Pequeno debate sobre a educação

Cesar Mangolin

Reproduzo abaixo uma breve e rica troca de mensagens com um camarada de militância do PCB, com muitos anos a mais que eu nessa luta e que nos serve de exemplo. Novamente o tema é a educação formal e seus limites.

Coloco suas duas mensagens, seguidas de comentários que fiz. Pode nos servir ao debate.

1º TEXTO DO CAMARADA ERNESTO PICHLER

Prezado Mangolin

Li sua tese, que me pareceu um excelente trabalho, com bom aproveitamento e explanação da literatura consultada. Nas suas conclusões, porém, gostaria de sugerir uma outra ideia. Quando você diz que “o mercado de trabalho não poderia absorver a quantidade de diplomados”, não creio que a Reforma Universitária promovida pela ditadura tivesse, alguma vez, tal intenção. Essa reforma foi orientada pelo modelo “americano” de educação, que é o “formar” grandes massas para destas extrair “os melhores”, a serem colocados nos pontos mais estratégicos de exploração (gerentes, técnicos criativos, administradores, financistas). Provavelmente o convênio MEC-USAID contribuiu para isso. Assim, é um processo de massificação diferenciadora, selecionadora, planejado, de maneira que não há um “excesso” de diplomados, pois grande parte deles é para não ser mesmo aproveitada. Para a ditadura, a expansão das vagas no ensino superior era uma exigência d e qualificação seletiva de força de trabalho para o mercado. Esse processo de seleção não se dá apenas na colocação no mercado de trabalho, pois o número de formados é menor que o número de vagas: muitos já são excluídos no meio do caminho, seja por não conseguirem pagar, seja por não conseguirem acompanhar.

Em termos de necessidade real da população brasileira haveria também uma demanda de profissionais em áreas mais pobres, dos sertões, mas os formados não queriam saber de sair das grandes cidades, havendo falta de um projeto de interiorização do desenvolvimento (muito menos do desenvolvimento social). O número de médicos formados, por exemplo, é baixo se considerarmos a necessidade nacional como um todo, mas nas grandes cidades eles superam, em muito, o proposto pela OMS. O mesmo é válido para engenheiros, professores, etc.. Sugerimos esses dois pontos para um aprofundamento de sua análise, em um próximo trabalho.

Um abraço camarada

Ernesto

2º TEXTO DO CAMARADA ERNESTO PICHLER

Prezado Cezar

Seus textos, que ainda não estudei detidamente mas que me parecem valiosos, me levaram à reflexão e à redação do texto abaixo.  Seria bom uma discussão.

EDUCAÇÃO É UMA CAPACITAÇÃO, seja para o trabalho, seja para o entendimento da realidade, inclusive para o entendimento crítico e para o combate a essa realidade.

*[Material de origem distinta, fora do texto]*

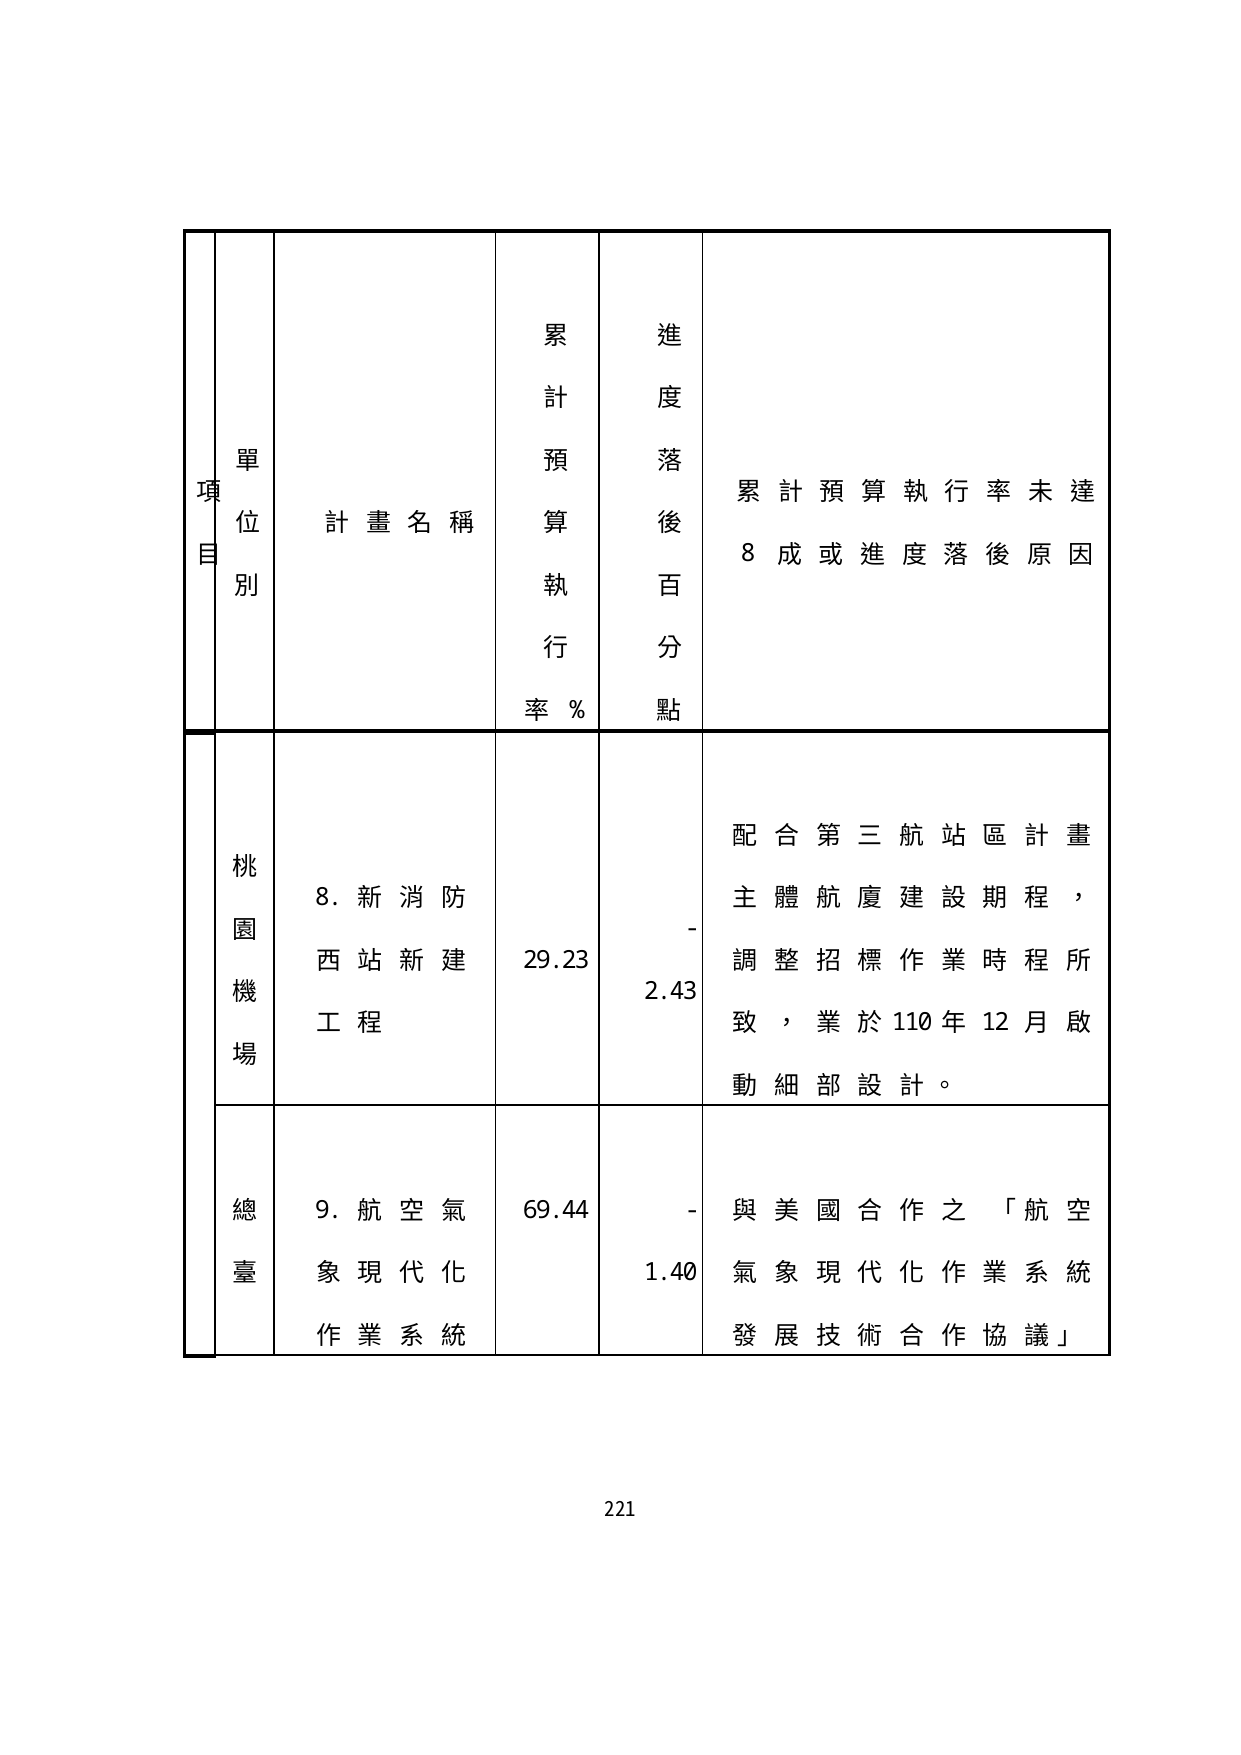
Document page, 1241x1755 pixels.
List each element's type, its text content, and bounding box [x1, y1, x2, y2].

table_cell 總臺 [216, 1106, 273, 1354]
table_cell -2.43 [600, 733, 702, 1104]
table_cell 29.23 [496, 733, 598, 1104]
table_header 進度落後百分點 [600, 233, 702, 729]
table_cell 桃園機場 [216, 733, 273, 1104]
table_header 累計預算執行率未達8成或進度落後原因 [703, 233, 1108, 729]
table_cell 8.新消防西站新建工程 [275, 733, 495, 1104]
table_cell 69.44 [496, 1106, 598, 1354]
table_header 項目 [186, 233, 214, 729]
table_header 單位別 [216, 233, 273, 729]
table_cell 未屆期計畫 [186, 735, 214, 1354]
table_cell 9.航空氣象現代化作業系統 [275, 1106, 495, 1354]
table_header 計畫名稱 [275, 233, 495, 729]
table_cell -1.40 [600, 1106, 702, 1354]
table_cell 與美國合作之「航空氣象現代化作業系統發展技術合作協議」 [703, 1106, 1108, 1354]
table_header 累計預算執行率% [496, 233, 598, 729]
table_cell 配合第三航站區計畫主體航廈建設期程，調整招標作業時程所致，業於110年12月啟動細部設計。 [703, 733, 1108, 1104]

A capacitação, como criação de capacidade de trabalho, junto com a criação de meios de produção, é uma criação de força produtiva. Capacidade de trabalho é uma forma mais correta de dizer “força de trabalho”. (Aqui vem minha antiga tese, correta e inútil, de que Marx nunca falou em “força de trabalho”). A criação de forças produtivas, no capitalismo, visa, para os capitalistas, a geração de lucro, a exploração de trabalho alienado. Isso não é razão para que os trabalhadores resolvam destruir máquinas ou bloquear usinas hidroelétricas, o que seria um neo-ludismo. O trabalhador deve contribuir para o desenvolvimento das forças produtivas, porém lutando para assumir o controle das mesmas, pois isso interessa à humanidade. A capacitação do trabalhador contribui, por um lado, com esse desenvolvimento, e por outro lado, com e ssa luta. Qual lado vai pesar mais depende do conteúdo da educa ção, da capacitação. O trabalhador deve aumentar seu conhecimento de ciências, não apenas para o trabalho mas o combate à exploração do mesmo. Deve aumentar sua capacitação instrumental, em computação, por exemplo, ou em idiomas, o que exige um nível elevado de educação, independentemente de como será explorado ou de vir a ser não explorado (um devir revolucionário).

A educação, portanto, pode ser alienante ou pode ser libertadora. É certo que o aparelho de Estado visa a primeira opção, mas esse é um aparelho que deve ser infiltrado e solapado pelas forças contra-hegemônicas, em um processo contínuo de acúmulo quantitativo.

Preocupa-me, dentro do Partido, a muito comum expressão de contrariedade ao desenvolvimento das forças produtivas. Também vejo serem combatidas as consignas de “qualidade e produtividade” (em documentos da Intersindical, por exemplo), quando os comunistas deveriam ser os maiores defensores dessas consignas, desde que esclarecendo que a “qualidade” para o burguês não é a mesma qualidade que interessa ao trabalhador / consumidor, e a “produtividade” deve envolver a minimização de desperdícios, o que também não interessa ao burguês, inclusive no aspecto eco-ambiental.

Um abraço

Ernesto

MEUS COMENTÁRIOS

Caro camarada Ernesto
estive fora e somente hoje pude ler os comentários que fez aos textos que enviei.
Fico muito feliz com sua disposição. Sinto falta de podermos debater essas e outras questões e aqui podemos fazê-lo, ainda que a distância. Agradeço também a atenção com os textos enviados. O que de melhor se pode esperar de um texto produzido é vê-lo criticado.
Junto os dois textos aqui (das duas mensagens). Comento primeiro suas impresões sobre minha dissertação e depois o texto sobre temas mais gerais.
Envio, abaixo, novos comentários, com alegria e no melhor espírito de camaradagem para que possamos continuar o debate. Deve ter percebido que sou bastante pessimista com relação às possibilidades da educação, mas penso ainda que os dados nos permitem tal reflexão.
grande abraço.
Cesar.

1) No primeiro texto, em sua mensagem, você diz: “Li sua tese, que me pareceu um excelente trabalho, com bom aproveitamento e explanação da literatura consultada. Nas suas conclusões, porém, gostaria de sugerir uma outra ideia. Quando você diz que “o mercado de trabalho não poderia absorver a quantidade de diplomados”, não creio que a Reforma Universitária promovida pela ditadura tivesse, alguma vez, tal intenção”.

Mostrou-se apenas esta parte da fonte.